● **Exercise details**: Exactly as written, transcribe the lines that run from the one containing "Numbers: x, y, z, sx, sy, sz, roll, pitch, yaw." to the end of the records below.
BEGIN
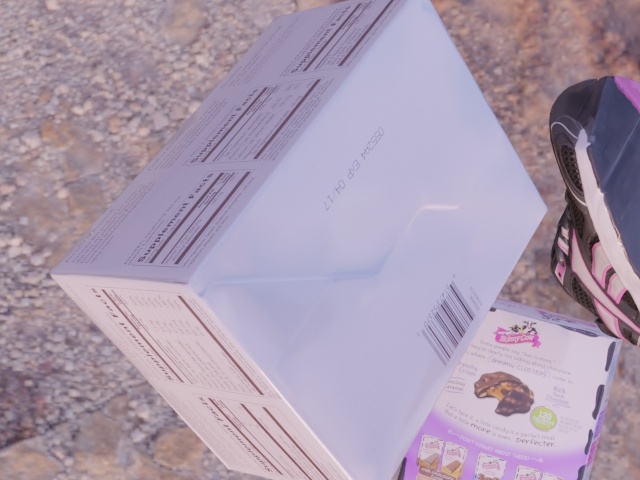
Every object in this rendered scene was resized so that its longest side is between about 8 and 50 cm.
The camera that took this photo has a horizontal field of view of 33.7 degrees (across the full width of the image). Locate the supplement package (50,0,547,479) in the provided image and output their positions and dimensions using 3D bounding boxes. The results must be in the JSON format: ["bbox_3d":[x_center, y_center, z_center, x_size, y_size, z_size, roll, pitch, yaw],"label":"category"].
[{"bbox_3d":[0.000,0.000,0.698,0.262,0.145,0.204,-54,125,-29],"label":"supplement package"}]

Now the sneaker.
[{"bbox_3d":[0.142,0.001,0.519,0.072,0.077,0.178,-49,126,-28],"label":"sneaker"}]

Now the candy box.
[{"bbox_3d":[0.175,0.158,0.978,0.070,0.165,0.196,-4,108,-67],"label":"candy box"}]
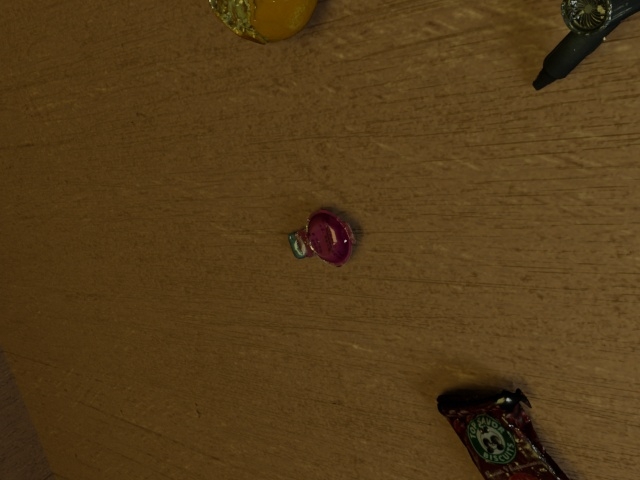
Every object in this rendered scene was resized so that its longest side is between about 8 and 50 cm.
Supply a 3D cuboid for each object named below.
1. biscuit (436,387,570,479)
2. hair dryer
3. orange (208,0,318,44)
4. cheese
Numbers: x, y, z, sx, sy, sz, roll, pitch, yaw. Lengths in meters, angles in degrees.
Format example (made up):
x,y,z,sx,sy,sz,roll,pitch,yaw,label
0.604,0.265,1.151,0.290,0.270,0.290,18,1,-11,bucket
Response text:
END
● **Answer to the problem**:
Numbers: x, y, z, sx, sy, sz, roll, pitch, yaw. Lengths in meters, angles in degrees.
Format example (made up):
x,y,z,sx,sy,sz,roll,pitch,yaw,label
0.604,0.265,1.151,0.290,0.270,0.290,18,1,-11,bucket
Response text:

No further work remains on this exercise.